U.S. Attorney gives audit commission green light
The Legislative Audit Commission is set to resume its investigation of the original NRI program after the U.S. Attorney’s Office for the Central District of Illinois informed the co-chairs of the bipartisan commission that he does not object to the Audit Commission resuming public hearings on the NRI.
In August, U.S. Attorney James Lewis had requested that the commission delay its investigation for 90 days so as not to interfere with federal investigators.
One of the witnesses subpoenaed by the Audit Commission has also said she will testify. Barbara Shaw, the former director of the Illinois Violence Prevention Authority has informed the audit commission that she will comply with a subpoena issued before the hearings were placed on hold. She is considered to be a key witness and has firsthand knowledge of the preparation and roll-out of the $54.5 million grant program that is now under criminal investigation by federal prosecutors in Springfield and Chicago.

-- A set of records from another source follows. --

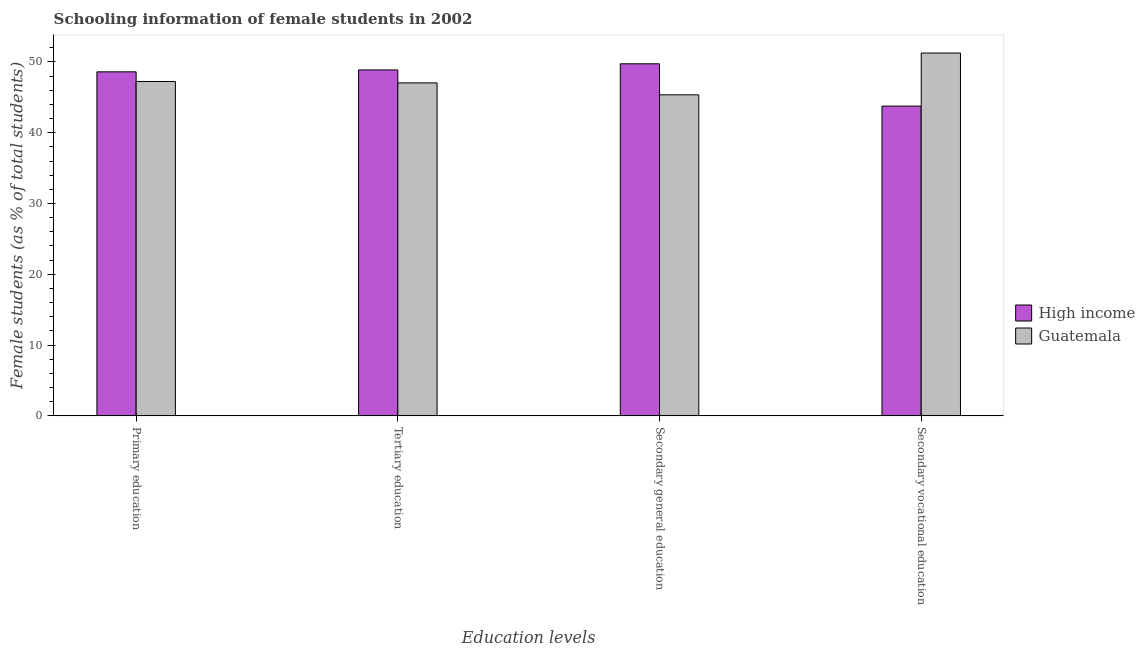How many groups of bars are there?
Ensure brevity in your answer.  4. Are the number of bars per tick equal to the number of legend labels?
Your answer should be very brief. Yes. Are the number of bars on each tick of the X-axis equal?
Keep it short and to the point. Yes. How many bars are there on the 2nd tick from the right?
Provide a short and direct response. 2. What is the label of the 2nd group of bars from the left?
Provide a short and direct response. Tertiary education. What is the percentage of female students in tertiary education in High income?
Your response must be concise. 48.87. Across all countries, what is the maximum percentage of female students in tertiary education?
Provide a short and direct response. 48.87. Across all countries, what is the minimum percentage of female students in secondary vocational education?
Provide a short and direct response. 43.76. In which country was the percentage of female students in tertiary education maximum?
Your answer should be compact. High income. In which country was the percentage of female students in tertiary education minimum?
Provide a succinct answer. Guatemala. What is the total percentage of female students in secondary vocational education in the graph?
Provide a succinct answer. 95.02. What is the difference between the percentage of female students in tertiary education in High income and that in Guatemala?
Give a very brief answer. 1.83. What is the difference between the percentage of female students in primary education in High income and the percentage of female students in tertiary education in Guatemala?
Provide a short and direct response. 1.56. What is the average percentage of female students in secondary education per country?
Offer a very short reply. 47.55. What is the difference between the percentage of female students in primary education and percentage of female students in secondary education in Guatemala?
Provide a succinct answer. 1.89. What is the ratio of the percentage of female students in secondary education in Guatemala to that in High income?
Make the answer very short. 0.91. Is the percentage of female students in secondary vocational education in Guatemala less than that in High income?
Your response must be concise. No. What is the difference between the highest and the second highest percentage of female students in tertiary education?
Provide a short and direct response. 1.83. What is the difference between the highest and the lowest percentage of female students in secondary vocational education?
Make the answer very short. 7.5. Is the sum of the percentage of female students in tertiary education in High income and Guatemala greater than the maximum percentage of female students in secondary vocational education across all countries?
Offer a terse response. Yes. What does the 1st bar from the right in Secondary general education represents?
Make the answer very short. Guatemala. Are all the bars in the graph horizontal?
Your answer should be very brief. No. How many countries are there in the graph?
Your answer should be very brief. 2. Are the values on the major ticks of Y-axis written in scientific E-notation?
Your answer should be very brief. No. Does the graph contain any zero values?
Your answer should be very brief. No. Does the graph contain grids?
Offer a very short reply. No. How many legend labels are there?
Make the answer very short. 2. What is the title of the graph?
Offer a terse response. Schooling information of female students in 2002. Does "Belgium" appear as one of the legend labels in the graph?
Make the answer very short. No. What is the label or title of the X-axis?
Ensure brevity in your answer.  Education levels. What is the label or title of the Y-axis?
Keep it short and to the point. Female students (as % of total students). What is the Female students (as % of total students) in High income in Primary education?
Your answer should be very brief. 48.6. What is the Female students (as % of total students) in Guatemala in Primary education?
Your response must be concise. 47.24. What is the Female students (as % of total students) of High income in Tertiary education?
Keep it short and to the point. 48.87. What is the Female students (as % of total students) in Guatemala in Tertiary education?
Your answer should be very brief. 47.04. What is the Female students (as % of total students) of High income in Secondary general education?
Ensure brevity in your answer.  49.74. What is the Female students (as % of total students) of Guatemala in Secondary general education?
Your answer should be very brief. 45.36. What is the Female students (as % of total students) in High income in Secondary vocational education?
Ensure brevity in your answer.  43.76. What is the Female students (as % of total students) of Guatemala in Secondary vocational education?
Your answer should be very brief. 51.26. Across all Education levels, what is the maximum Female students (as % of total students) in High income?
Your response must be concise. 49.74. Across all Education levels, what is the maximum Female students (as % of total students) of Guatemala?
Keep it short and to the point. 51.26. Across all Education levels, what is the minimum Female students (as % of total students) of High income?
Your response must be concise. 43.76. Across all Education levels, what is the minimum Female students (as % of total students) in Guatemala?
Provide a short and direct response. 45.36. What is the total Female students (as % of total students) of High income in the graph?
Ensure brevity in your answer.  190.97. What is the total Female students (as % of total students) in Guatemala in the graph?
Give a very brief answer. 190.9. What is the difference between the Female students (as % of total students) of High income in Primary education and that in Tertiary education?
Provide a succinct answer. -0.27. What is the difference between the Female students (as % of total students) of Guatemala in Primary education and that in Tertiary education?
Provide a succinct answer. 0.2. What is the difference between the Female students (as % of total students) in High income in Primary education and that in Secondary general education?
Your response must be concise. -1.14. What is the difference between the Female students (as % of total students) in Guatemala in Primary education and that in Secondary general education?
Keep it short and to the point. 1.89. What is the difference between the Female students (as % of total students) in High income in Primary education and that in Secondary vocational education?
Your response must be concise. 4.84. What is the difference between the Female students (as % of total students) in Guatemala in Primary education and that in Secondary vocational education?
Provide a succinct answer. -4.02. What is the difference between the Female students (as % of total students) in High income in Tertiary education and that in Secondary general education?
Your answer should be very brief. -0.87. What is the difference between the Female students (as % of total students) of Guatemala in Tertiary education and that in Secondary general education?
Keep it short and to the point. 1.68. What is the difference between the Female students (as % of total students) in High income in Tertiary education and that in Secondary vocational education?
Offer a very short reply. 5.11. What is the difference between the Female students (as % of total students) in Guatemala in Tertiary education and that in Secondary vocational education?
Provide a short and direct response. -4.22. What is the difference between the Female students (as % of total students) of High income in Secondary general education and that in Secondary vocational education?
Offer a terse response. 5.98. What is the difference between the Female students (as % of total students) of Guatemala in Secondary general education and that in Secondary vocational education?
Your answer should be compact. -5.9. What is the difference between the Female students (as % of total students) of High income in Primary education and the Female students (as % of total students) of Guatemala in Tertiary education?
Your answer should be compact. 1.56. What is the difference between the Female students (as % of total students) in High income in Primary education and the Female students (as % of total students) in Guatemala in Secondary general education?
Your answer should be very brief. 3.25. What is the difference between the Female students (as % of total students) of High income in Primary education and the Female students (as % of total students) of Guatemala in Secondary vocational education?
Offer a terse response. -2.66. What is the difference between the Female students (as % of total students) of High income in Tertiary education and the Female students (as % of total students) of Guatemala in Secondary general education?
Provide a short and direct response. 3.51. What is the difference between the Female students (as % of total students) in High income in Tertiary education and the Female students (as % of total students) in Guatemala in Secondary vocational education?
Make the answer very short. -2.39. What is the difference between the Female students (as % of total students) in High income in Secondary general education and the Female students (as % of total students) in Guatemala in Secondary vocational education?
Keep it short and to the point. -1.52. What is the average Female students (as % of total students) of High income per Education levels?
Your answer should be very brief. 47.74. What is the average Female students (as % of total students) of Guatemala per Education levels?
Give a very brief answer. 47.72. What is the difference between the Female students (as % of total students) of High income and Female students (as % of total students) of Guatemala in Primary education?
Your response must be concise. 1.36. What is the difference between the Female students (as % of total students) in High income and Female students (as % of total students) in Guatemala in Tertiary education?
Your answer should be compact. 1.83. What is the difference between the Female students (as % of total students) in High income and Female students (as % of total students) in Guatemala in Secondary general education?
Keep it short and to the point. 4.38. What is the difference between the Female students (as % of total students) in High income and Female students (as % of total students) in Guatemala in Secondary vocational education?
Make the answer very short. -7.5. What is the ratio of the Female students (as % of total students) in High income in Primary education to that in Tertiary education?
Make the answer very short. 0.99. What is the ratio of the Female students (as % of total students) of Guatemala in Primary education to that in Tertiary education?
Your answer should be compact. 1. What is the ratio of the Female students (as % of total students) of High income in Primary education to that in Secondary general education?
Provide a succinct answer. 0.98. What is the ratio of the Female students (as % of total students) in Guatemala in Primary education to that in Secondary general education?
Provide a succinct answer. 1.04. What is the ratio of the Female students (as % of total students) in High income in Primary education to that in Secondary vocational education?
Give a very brief answer. 1.11. What is the ratio of the Female students (as % of total students) in Guatemala in Primary education to that in Secondary vocational education?
Keep it short and to the point. 0.92. What is the ratio of the Female students (as % of total students) in High income in Tertiary education to that in Secondary general education?
Give a very brief answer. 0.98. What is the ratio of the Female students (as % of total students) of Guatemala in Tertiary education to that in Secondary general education?
Give a very brief answer. 1.04. What is the ratio of the Female students (as % of total students) of High income in Tertiary education to that in Secondary vocational education?
Provide a short and direct response. 1.12. What is the ratio of the Female students (as % of total students) of Guatemala in Tertiary education to that in Secondary vocational education?
Your answer should be compact. 0.92. What is the ratio of the Female students (as % of total students) of High income in Secondary general education to that in Secondary vocational education?
Offer a very short reply. 1.14. What is the ratio of the Female students (as % of total students) of Guatemala in Secondary general education to that in Secondary vocational education?
Your response must be concise. 0.88. What is the difference between the highest and the second highest Female students (as % of total students) in High income?
Ensure brevity in your answer.  0.87. What is the difference between the highest and the second highest Female students (as % of total students) in Guatemala?
Your answer should be compact. 4.02. What is the difference between the highest and the lowest Female students (as % of total students) in High income?
Offer a very short reply. 5.98. What is the difference between the highest and the lowest Female students (as % of total students) of Guatemala?
Provide a short and direct response. 5.9.

The Legislative Audit Commission has scheduled hearings for Oct. 8-9, at the Bilandic State Office Building in Chicago. The Oct. 8 hearing is set to begin at 10 a.m. in room Room C-600, and to continue the next day beginning at 9 a.m.

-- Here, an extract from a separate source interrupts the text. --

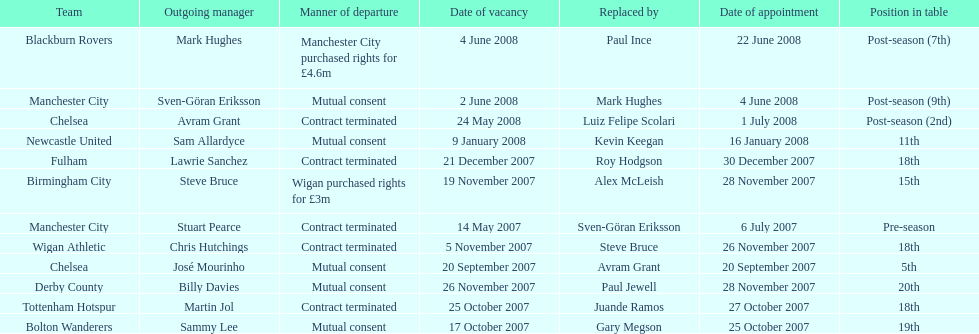What was the top team according to position in table called? Manchester City.

Quinn shifting money to NRI Clone
The news that Quinn has been shifting money to programs in Chicago drew especially sharp criticism because the money is being taken from a statewide program that awards grants on a competitive basis. Instead, Quinn has been spending the funds on many of the same providers who are under investigation for the botched Neighborhood Recovery Initiative.
The shift in taxpayer funds has occurred despite repeated assurances from Quinn that he shut down the NRI program in 2012. During a one-week period in September, Quinn pumped an additional $400,000 into just one entity – the Chicago Area Project. The Chicago Area Project is already under investigation for its hiring of the husband of Cook County Circuit Clerk Dorothy Brown. The $400,000 brought the total handed to the group to over $1 million, less than six weeks before the election.
Downstate programs lose under Quinn shuffle
Lawmakers point out that the money is being diverted from a program targeted to at-risk youth across the state. That program, Comprehensive Community-Based Youth Services (CCBYS), awards grants in an open, competitive process.
Senators Jason Barickman (R-Bloomington), Dale Righter (R-Mattoon) and Darin LaHood(R-Peoria) held an Oct. 2 press conference to call attention to the fund diversion. They said they learned of the diversion after youth service providers expressed dismay that funding appropriated to the CCBYS program was being shifted instead to Quinn’s re-branded NRI program with no public scrutiny.
Suburban schools raise concerns about fund shift
In an unrelated development, suburban school districts are honing in on legislation that would strip them of most of their state funding through a massive rewrite of the state’s education funding formula.
The measure, SB 16, has raised eyebrows among suburban school districts and taxpayers who are concerned that many districts would lose 80% or more of their state support. Concerns have also been raised that the proposal, while claiming to offer a more equitable system of funding schools in Illinois, contains a number of special exemptions that will channel more money to the Chicago Public Schools than they would receive if treated like other school districts.
Ostensibly an outgrowth of a bipartisan Education Funding Advisory Committee’s hearings, the legislation was actually drafted in secret without Republican participation after the advisory committee concluded its hearings. More recently, it has been revealed that Illinois House Democrats are holding closed door meetings on the legislation.
Past statements from House Speaker Michael Madigan that he believes suburban and downstate schools receive a “free lunch” for teacher pension contributions have raised concerns that the legislation will be used as a “cost shift” to move state support away from schools that already receive little from the state, and channel more money to Chicago schools.
Opponents point out that the legislation does not provide any new funds to schools in Illinois and that Governor Quinn has cut funding to education in Illinois, despite raising taxes by 67%.